That being said, I must share my proudest moment ever. It happened two years ago, and I was on drugs. Morphine, to be exact. I was just coming around following surgery and hazily listening to a conversation between the nurse and my wife. At some point the nurse happened to mention that my urine had good color. My urine had good color! Lord have mercy, I almost burst! Too far gone to speak, I simply basked in the moment like a Macy’s Thanksgiving Day balloon filled to floating with enormous, joyful lightness. Even now, soberly aware of the ridiculousness of it, I can still feel a little pulse of that joy. Such was just one of countless anomalous moments—sometimes surreal, usually all too real—that I went through while “surviving” c-c-cancer.

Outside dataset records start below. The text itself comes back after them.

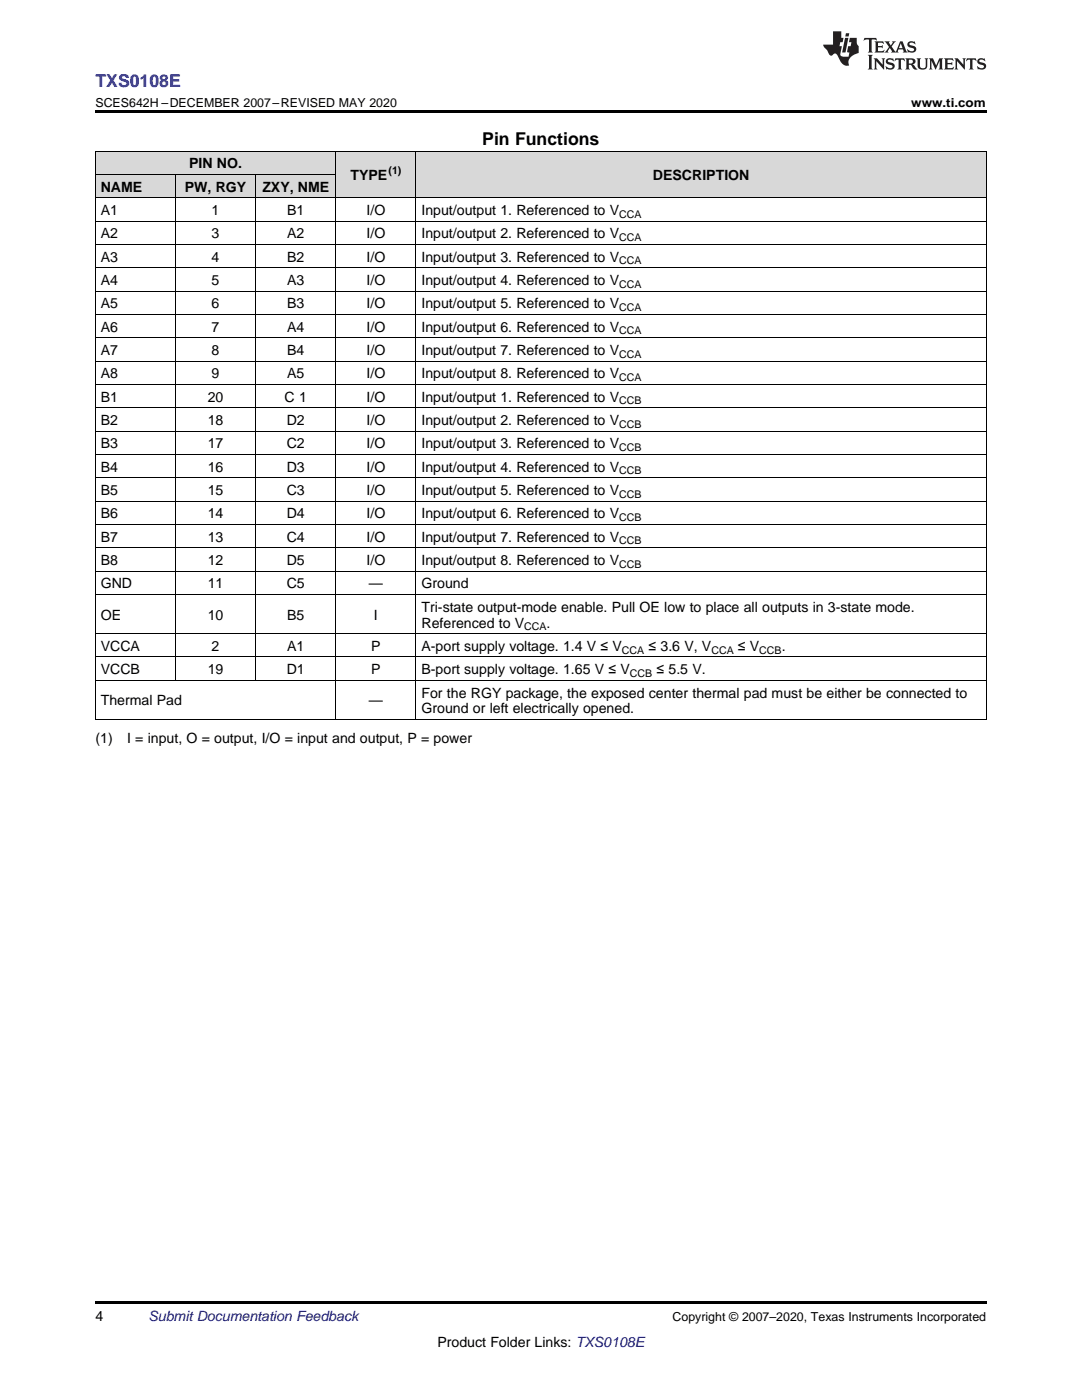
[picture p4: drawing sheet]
<svg xmlns="http://www.w3.org/2000/svg" width="216mm" height="279mm" viewBox="0 0 216 279" stroke-linecap="round" stroke-linejoin="round" font-family="sans-serif">
<defs><g id="words">
<text font-size="3.5" fill="#00f" x="19" y="17.3">TXS0108E</text>
<text font-size="3.5" x="96.2" y="28.9">Pin Functions</text>
<g font-size="2.8">
<text x="37.7" y="33.6">PIN NO.</text>
<text x="69.9" y="35.9">TYPE</text>
<text x="130.3" y="35.9">DESCRIPTION</text>
<text x="20.1" y="38.2">NAME</text>
<text x="36.9" y="38.2">PW, RGY</text>
<text x="52.4" y="38.2">ZXY, NME</text>
<text x="20.1" y="42.9">A1</text>
<text x="20.1" y="47.6">A2</text>
<text x="42.2" y="42.9">1</text>
<text x="42.2" y="47.6">3</text>
<text x="57.3" y="42.9">B1</text>
<text x="57.3" y="47.6">A2</text>
<text x="73.1" y="42.9">I/O</text>
<text x="73.1" y="47.6">I/O</text>
<text x="84.1" y="42.9">Input/output 1. Referenced to V</text>
<text x="84.1" y="47.6">Input/output 2. Referenced to V</text>
<text x="20.1" y="52.2">A3</text>
<text x="42.2" y="52.2">4</text>
<text x="57.3" y="52.2">B2</text>
<text x="73.1" y="52.2">I/O</text>
<text x="84.1" y="52.2">Input/output 3. Referenced to V</text>
<text x="20.1" y="56.9">A4</text>
<text x="42.2" y="56.9">5</text>
<text x="57.3" y="56.9">A3</text>
<text x="73.1" y="56.9">I/O</text>
<text x="84.1" y="56.9">Input/output 4. Referenced to V</text>
<text x="20.1" y="61.5">A5</text>
<text x="42.2" y="61.5">6</text>
<text x="57.3" y="61.5">B3</text>
<text x="73.1" y="61.5">I/O</text>
<text x="84.1" y="61.5">Input/output 5. Referenced to V</text>
<text x="20.1" y="66.2">A6</text>
<text x="20.1" y="70.8">A7</text>
<text x="42.2" y="66.2">7</text>
<text x="42.2" y="70.8">8</text>
<text x="57.3" y="66.2">A4</text>
<text x="57.3" y="70.8">B4</text>
<text x="73.1" y="66.2">I/O</text>
<text x="73.1" y="70.8">I/O</text>
<text x="84.1" y="66.2">Input/output 6. Referenced to V</text>
<text x="84.1" y="70.8">Input/output 7. Referenced to V</text>
<text x="20.1" y="75.5">A8</text>
<text x="42.2" y="75.5">9</text>
<text x="57.3" y="75.5">A5</text>
<text x="73.1" y="75.5">I/O</text>
<text x="84.1" y="75.5">Input/output 8. Referenced to V</text>
<text x="20.1" y="80.2">B1</text>
<text x="41.5" y="80.2">20</text>
<text x="56.8" y="80.2">C 1</text>
<text x="73.1" y="80.2">I/O</text>
<text x="84.1" y="80.2">Input/output 1. Referenced to V</text>
<text x="20.1" y="84.8">B2</text>
<text x="20.1" y="89.5">B3</text>
<text x="41.5" y="84.8">18</text>
<text x="41.5" y="89.5">17</text>
<text x="57.2" y="84.8">D2</text>
<text x="57.2" y="89.5">C2</text>
<text x="73.1" y="84.8">I/O</text>
<text x="73.1" y="89.5">I/O</text>
<text x="84.1" y="84.8">Input/output 2. Referenced to V</text>
<text x="84.1" y="89.5">Input/output 3. Referenced to V</text>
<text x="20.1" y="94.1">B4</text>
<text x="41.5" y="94.1">16</text>
<text x="57.2" y="94.1">D3</text>
<text x="73.1" y="94.1">I/O</text>
<text x="84.1" y="94.1">Input/output 4. Referenced to V</text>
<text x="20.1" y="98.8">B5</text>
<text x="41.5" y="98.8">15</text>
<text x="57.2" y="98.8">C3</text>
<text x="73.1" y="98.8">I/O</text>
<text x="84.1" y="98.8">Input/output 5. Referenced to V</text>
<text x="20.1" y="103.4">B6</text>
<text x="41.5" y="103.4">14</text>
<text x="57.2" y="103.4">D4</text>
<text x="73.1" y="103.4">I/O</text>
<text x="84.1" y="103.4">Input/output 6. Referenced to V</text>
<text x="20.1" y="108.1">B7</text>
<text x="20.1" y="112.7">B8</text>
<text x="41.5" y="108.1">13</text>
<text x="41.5" y="112.7">12</text>
<text x="57.2" y="108.1">C4</text>
<text x="57.2" y="112.7">D5</text>
<text x="73.1" y="108.1">I/O</text>
<text x="73.1" y="112.7">I/O</text>
<text x="84.1" y="108.1">Input/output 7. Referenced to V</text>
<text x="84.1" y="112.7">Input/output 8. Referenced to V</text>
<text x="20.1" y="117.4">GND</text>
<text x="41.5" y="117.4">11</text>
<text x="57.2" y="117.4">C5</text>
<text x="73.6" y="117.4">—</text>
<text x="84.1" y="117.4">Ground</text>
<text x="20.1" y="123.6">OE</text>
<text x="41.5" y="123.6">10</text>
<text x="57.3" y="123.6">B5</text>
<text x="74.6" y="123.6">I</text>
<text x="84.1" y="122.1">Tri-state output-mode enable. Pull OE low to place all outputs in 3-state mode.</text>
<text x="84.1" y="125.2">Referenced to V</text>
<text x="109.1" y="125.2">.</text>
<text x="20.1" y="129.9">VCCA</text>
<text x="42.2" y="129.9">2</text>
<text x="57.3" y="129.9">A1</text>
<text x="74.1" y="129.9">P</text>
<text x="84.1" y="129.9">A-port supply voltage. 1.4 V ≤ V</text>
<text x="129.4" y="129.9">≤ 3.6 V, V</text>
<text x="147.2" y="129.9">≤ V</text>
<text x="156" y="129.9">.</text>
<text x="20.1" y="134.5">VCCB</text>
<text x="41.5" y="134.5">19</text>
<text x="57.2" y="134.5">D1</text>
<text x="74.1" y="134.5">P</text>
<text x="84.1" y="134.5">B-port supply voltage. 1.65 V ≤ V</text>
<text x="131" y="134.5">≤ 5.5 V.</text>
<text x="20.1" y="140.8">Thermal Pad</text>
<text x="73.6" y="140.8">—</text>
<text x="84.1" y="139.2">For the RGY package, the exposed center thermal pad must be either be connected to</text>
<text x="84.1" y="142.4">Ground or left electrically opened.</text>
<text x="19" y="148.2">(1)</text>
<text x="25.4" y="148.2">I = input, O = output, I/O = input and output, P = power</text>
<text x="19" y="263.6">4</text>
<text x="87.3" y="268.9">Product Folder Links: TXS0108E</text>
</g>
<text font-size="2.8" fill="#0000c8" x="29.6" y="263.6">Submit Documentation Feedback</text>
<g font-size="2.5">
<text x="19" y="21.4">SCES642H –DECEMBER 2007–REVISED MAY 2020</text>
<text x="181.8" y="21.4">www.ti.com</text>
<text x="134.2" y="263.6">Copyright © 2007–2020, Texas Instruments Incorporated</text>
</g>
<g font-size="2.1">
<text x="77.5" y="34.8">(1)</text>
<text x="123.5" y="43.5">CCA</text>
<text x="123.5" y="48.1">CCA</text>
<text x="123.5" y="52.8">CCA</text>
<text x="123.5" y="57.4">CCA</text>
<text x="123.5" y="62.1">CCA</text>
<text x="123.5" y="66.7">CCA</text>
<text x="123.5" y="71.4">CCA</text>
<text x="123.5" y="76.1">CCA</text>
<text x="123.5" y="80.7">CCB</text>
<text x="123.5" y="85.4">CCB</text>
<text x="123.5" y="90">CCB</text>
<text x="123.5" y="94.7">CCB</text>
<text x="123.5" y="99.3">CCB</text>
<text x="123.5" y="104">CCB</text>
<text x="123.5" y="108.7">CCB</text>
<text x="123.5" y="113.3">CCB</text>
<text x="104.6" y="125.8">CCA</text>
<text x="124.1" y="130.5">CCA</text>
<text x="142" y="130.5">CCA</text>
<text x="151.5" y="130.5">CCB</text>
<text x="125.7" y="135.1">CCB</text>
</g>
</g></defs>
<g fill="#d8d8d8">
<path d="M67 30.2h16v9.3h-16z"/>
<path d="M83 30.2h113.8v9.3h-113.8z"/>
<path d="M19 34.9h16v4.6h-16z"/>
<path d="M35 34.9h16v4.6h-16z"/>
<path d="M51 34.9h16v4.6h-16z"/>
<path d="M19 30.2h16v4.7h-16z"/>
<path d="M35 30.2h16v4.7h-16z"/>
<path d="M51 30.2h16v4.7h-16z"/>
</g>
<path d="M19 22h177.8v.5h-177.8zM19 143.6l.2 .1zM50.9 143.6l.1 .1zM66.9 143.6l.1 .1zM82.9 143.6l.1 .1zM196.7 143.6l.1 .1zM19 259.7h177.8v.5h-177.8z" fill="#000"/>
<g fill="none" stroke="#000" stroke-width=".2">
<path d="M19 39.5h177.8M19 34.8h48M19 30.1h177.8M19.1 30.2v113.5M35 34.8v101M51 34.8v101M67 30.2v113.5M83 30.2v113.5M196.8 30.2v113.5M19 58.1h177.8M19 53.4h177.8M19 48.8h177.8"/>
<path d="M19 44.1h177.8M19 76.7h177.8M19 72.1h177.8M19 67.4h177.8M19 62.7h177.8M19 100h177.8M19 95.3h177.8M19 90.7h177.8M19 86h177.8M19 81.4h177.8M19 118.6h177.8M19 114h177.8"/>
<path d="M19 109.3h177.8M19 104.7h177.8M19 135.8h177.8M19 131.1h177.8M19 126.5h177.8M19 143.6h177.8"/>
</g>
<g fill="#231f20">
<path d="M172.5 7.6l-.1 .5 .4-.2h.6v.1v2.1l-.2 .4h.9l-.2-.4v-2.1l.1-.1h.5l.5 .2-.2-.5zM174.5 8.3l.2 .3v1.5l-.2 .4h1.8l.2-.6a1.04 1.04 0 0 1-1.3 .2v-.7h.6l.3 .2v-.6l-.3 .2h-.6v-.6l.8-.1 .4 .3-.2-.5zM176.5 8.3l.9 1.1-.9 1.1h.8l-.2-.2 .4-.7 .5 .7-.2 .2h1.5l-.2-.2 .2-.4h.9l.1 .4-.2 .2h1l-.3-.3-.7-1.9h-.5l-.9 2-.8-1 .9-1h-.8l.1 .3-.4 .5-.3-.6 .1-.2zM179.7 8.6l.4 1h-.7zM181.3 8.4a.63 .63 0 0 0-.2 .7 .63 .63 0 0 0 .6 .4l.6 .2 .1 .2a.75 .75 0 0 1-.7 .4 .75 .75 0 0 1-.6-.5l.1 .7 .1-.1a1.11 1.11 0 0 0 1.5-.6 1.13 1.13 0 0 0-1.2-.8l-.1-.4a1.04 1.04 0 0 1 1.2 .2l-.2-.5-.2 .1-.4-.2zM173.2 10.9l.2 .4v2.2l-.2 .4h1l-.3-.4v-2.2l.3-.4zM174.3 11.6l.3 .4v1.5l-.3 .4h.8l-.2-.4v-1.3l1.5 1.7v-1.9l.2-.4h-.7l.2 .4v.9l-1.1-1.3zM177 11.8a.62 .62 0 0 0-.2 .7 .62 .62 0 0 0 .6 .4l.6 .1 .1 .3a.76 .76 0 0 1-.7 .3 .76 .76 0 0 1-.7-.4l.2 .7 .1-.1a1.11 1.11 0 0 0 1.5-.6 1.13 1.13 0 0 0-1.2-.8l-.1-.4a1.04 1.04 0 0 1 1.2 .2l-.2-.6-.2 .1-.5-.1zM178.7 11.6l-.2 .6a.61 .61 0 0 1 .8-.3v1.6l-.2 .4h.9l-.2-.4v-1.6a.63 .63 0 0 1 .7 .3l-.1-.6zM180.6 11.6l.3 .4v1.5l-.3 .4h1l-.2-.2-.1-.8 .6 .2a.76 .76 0 0 0 1.2 .7l-1-1a.58 .58 0 0 0 .6-.5 .58 .58 0 0 0-.5-.6zM181.4 11.9h.1a.45 .45 0 0 1 .5 .1 .45 .45 0 0 1 .1 .5l-.8 .2zM182.9 11.6l.2 .2a2.17 2.17 0 0 0 .3 1.9 .99 .99 0 0 0 1.6-.6v-1.1l.2-.4h-.7l.2 .2a1.92 1.92 0 0 1-.2 1.8 .6 .6 0 0 1-.9-.5v-1.1l.2-.4zM185.4 11.6l.2 .4v1.5l-.2 .4h.7l-.2-.4v-1.4l.8 1.8 .8-1.8v1.4l-.2 .4h.9l-.2-.4v-1.5l.2-.4h-.8l-.6 1.5-.6-1.5zM188.4 11.6l.2 .4v1.5l-.2 .4h1.8l.1-.6a1.04 1.04 0 0 1-1.2 .1v-.6h.5l.4 .2v-.6l-.4 .2h-.5v-.7h.8l.3 .3-.1-.6zM190.5 11.6l.2 .4v1.5l-.2 .4h.7l-.2-.4v-1.3l1.5 1.7v-1.9l.2-.4h-.7l.2 .4v.9l-1.1-1.3zM192.9 11.6l-.1 .6a.61 .61 0 0 1 .7-.3l.1 1.6-.3 .4h1l-.3-.4 .1-1.6a.63 .63 0 0 1 .7 .3l-.1-.6zM195.2 11.8a.62 .62 0 0 0-.2 .7 .62 .62 0 0 0 .6 .4l.6 .1 .1 .3a.76 .76 0 0 1-.7 .3 .76 .76 0 0 1-.6-.4l.1 .7 .1-.1a1.11 1.11 0 0 0 1.6-.6 1.13 1.13 0 0 0-1.3-.8l-.1-.4a1.04 1.04 0 0 1 1.2 .2l-.1-.6-.2 .1-.5-.1z"/>
<path d="M166.2 6.3v2.6h-1.9v.4l.8 .9a.91 .91 0 0 0 1 .8 .56 .56 0 0 1 .5-.3 .56 .56 0 0 1 .5 .3l.4 .8a1.53 1.53 0 0 0 1.9 1.2 1.54 1.54 0 0 1 1-2.1l.9-.3v-1.4a1.52 1.52 0 0 1-.4-1.6h-1.3l-.2 .8h.5l-.2 .8h-.5l-.1 1v.2l.4 .1-.2 .8a1.93 1.93 0 0 1-1.6-.3l.3-1.8h-.5l.2-.8h.4l.2-.8h-.4v-1.3zM168.6 7.6l-.6 2.9h.7l.6-2.9zM168.8 6.6l-.1 .7h.6l.2-.7z"/>
</g>
<use href="#words"/>
</svg>

A cancer diagnosis launches you on an imagination-fueled, internet-misinformed, emotional and intellectual odyssey, even as your body suddenly becomes a whack-a-mole game for doctors and technicians. The word “survive’ is accurate. Really nails it. Because whether you make it or don’t, surviving the process is about all you really manage.  Everyone says great upbeat stuff like, “You’ve got this”, or, “You’ll kick butt!” but all you really do is what you’re told. You go to appointments. Lots of appointments. You take drugs. You do treatments. Go in for tests. Wait and wait and wait on results. Have surgery. You never really feel like you’re in control or doing anything to impose your will on the situation. At least I didn’t. Never had that LeBron James taking over the game for a win moment. Sure, I prayed, remembering every time I did all those friends and family I’ve prayed for that never got better. Some people try to become their own experts. I didn’t bother. Nor did I have any faith in miracle diets, exercises, meditations, trinkets, powders, or crystals. Nope. I just hit my marks, relied on 21st century medical science, and hoped for the best possible outcome.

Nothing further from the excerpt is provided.